What needs to be done: Print exactly the lines from the one that contains "- short metal cylinder [86,51,150,111]" through the final line of the entries below, both included, and nothing else; omit the pictures.

[Exercise data — start]

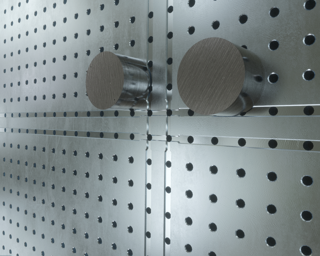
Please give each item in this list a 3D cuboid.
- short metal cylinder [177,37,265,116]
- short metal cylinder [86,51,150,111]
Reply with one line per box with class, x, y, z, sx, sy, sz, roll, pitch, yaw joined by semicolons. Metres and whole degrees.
short metal cylinder;0.066;-0.053;0.339;0.080;0.050;0.079;0;90;40
short metal cylinder;-0.061;-0.065;0.443;0.080;0.050;0.079;0;90;40
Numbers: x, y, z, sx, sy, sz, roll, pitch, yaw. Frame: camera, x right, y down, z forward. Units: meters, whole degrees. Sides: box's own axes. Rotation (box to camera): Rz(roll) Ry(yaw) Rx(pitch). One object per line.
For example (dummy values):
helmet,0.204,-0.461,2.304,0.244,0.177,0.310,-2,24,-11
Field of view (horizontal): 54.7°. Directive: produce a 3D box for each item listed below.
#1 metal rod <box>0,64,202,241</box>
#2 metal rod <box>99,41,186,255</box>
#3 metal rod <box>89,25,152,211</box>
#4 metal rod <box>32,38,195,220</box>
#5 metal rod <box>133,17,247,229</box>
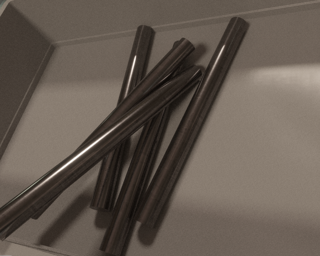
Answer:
metal rod,-0.050,0.007,0.352,0.025,0.025,0.302,24,51,36
metal rod,-0.012,0.009,0.404,0.025,0.025,0.300,5,64,30
metal rod,-0.050,-0.031,0.449,0.025,0.025,0.299,-4,60,26
metal rod,-0.063,-0.003,0.405,0.300,0.025,0.025,-47,52,-6
metal rod,0.046,-0.020,0.392,0.025,0.025,0.300,15,69,34
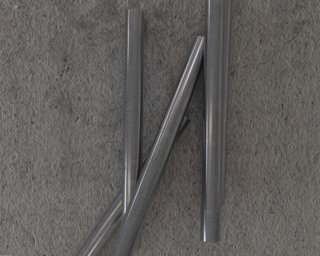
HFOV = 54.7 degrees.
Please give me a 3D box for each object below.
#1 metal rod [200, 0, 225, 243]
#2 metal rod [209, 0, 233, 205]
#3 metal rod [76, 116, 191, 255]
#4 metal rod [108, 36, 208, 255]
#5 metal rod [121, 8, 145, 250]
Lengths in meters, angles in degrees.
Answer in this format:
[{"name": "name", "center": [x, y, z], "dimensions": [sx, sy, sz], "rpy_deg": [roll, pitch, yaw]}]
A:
[{"name": "metal rod", "center": [0.066, -0.011, 0.386], "dimensions": [0.025, 0.025, 0.298], "rpy_deg": [1, 90, 0]}, {"name": "metal rod", "center": [0.079, -0.050, 0.410], "dimensions": [0.025, 0.025, 0.298], "rpy_deg": [2, 90, 0]}, {"name": "metal rod", "center": [-0.054, 0.107, 0.409], "dimensions": [0.025, 0.025, 0.299], "rpy_deg": [35, 90, 0]}, {"name": "metal rod", "center": [0.004, 0.021, 0.375], "dimensions": [0.025, 0.025, 0.299], "rpy_deg": [22, 76, 0]}, {"name": "metal rod", "center": [-0.034, -0.004, 0.392], "dimensions": [0.025, 0.025, 0.298], "rpy_deg": [0, 83, 0]}]
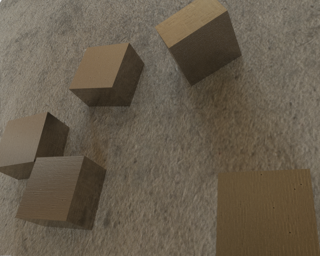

[Exercise data — finish]

Exercise output:
- short metal cylinder [86,51,150,111]
Reply with one line per box with class, x, y, z, sx, sy, sz, roll, pitch, yaw joined by semicolons. Metres and whole degrees.
short metal cylinder;0.066;-0.053;0.339;0.080;0.050;0.079;0;90;40
short metal cylinder;-0.061;-0.065;0.443;0.080;0.050;0.079;0;90;40
Numbers: x, y, z, sx, sy, sz, roll, pitch, yaw. Frame: camera, x right, y down, z forward. Units: meters, whole degrees. Sides: box's own axes. Rotation (box to camera): Rz(roll) Ry(yaw) Rx(pitch). One object per line.
For example (dummy values):
helmet,0.204,-0.461,2.304,0.244,0.177,0.310,-2,24,-11
Field of view (horizontal): 54.7°. Directive: produce a 3D box for each item listed below.
#1 metal rod <box>0,64,202,241</box>
#2 metal rod <box>99,41,186,255</box>
#3 metal rod <box>89,25,152,211</box>
#4 metal rod <box>32,38,195,220</box>
#5 metal rod <box>133,17,247,229</box>
Answer:
metal rod,-0.050,0.007,0.352,0.025,0.025,0.302,24,51,36
metal rod,-0.012,0.009,0.404,0.025,0.025,0.300,5,64,30
metal rod,-0.050,-0.031,0.449,0.025,0.025,0.299,-4,60,26
metal rod,-0.063,-0.003,0.405,0.300,0.025,0.025,-47,52,-6
metal rod,0.046,-0.020,0.392,0.025,0.025,0.300,15,69,34
HFOV = 54.7 degrees.
Please give me a 3D box for each object below.
#1 metal rod [200, 0, 225, 243]
#2 metal rod [209, 0, 233, 205]
#3 metal rod [76, 116, 191, 255]
#4 metal rod [108, 36, 208, 255]
#5 metal rod [121, 8, 145, 250]
Lengths in meters, angles in degrees.
Answer in this format:
[{"name": "name", "center": [x, y, z], "dimensions": [sx, sy, sz], "rpy_deg": [roll, pitch, yaw]}]
A:
[{"name": "metal rod", "center": [0.066, -0.011, 0.386], "dimensions": [0.025, 0.025, 0.298], "rpy_deg": [1, 90, 0]}, {"name": "metal rod", "center": [0.079, -0.050, 0.410], "dimensions": [0.025, 0.025, 0.298], "rpy_deg": [2, 90, 0]}, {"name": "metal rod", "center": [-0.054, 0.107, 0.409], "dimensions": [0.025, 0.025, 0.299], "rpy_deg": [35, 90, 0]}, {"name": "metal rod", "center": [0.004, 0.021, 0.375], "dimensions": [0.025, 0.025, 0.299], "rpy_deg": [22, 76, 0]}, {"name": "metal rod", "center": [-0.034, -0.004, 0.392], "dimensions": [0.025, 0.025, 0.298], "rpy_deg": [0, 83, 0]}]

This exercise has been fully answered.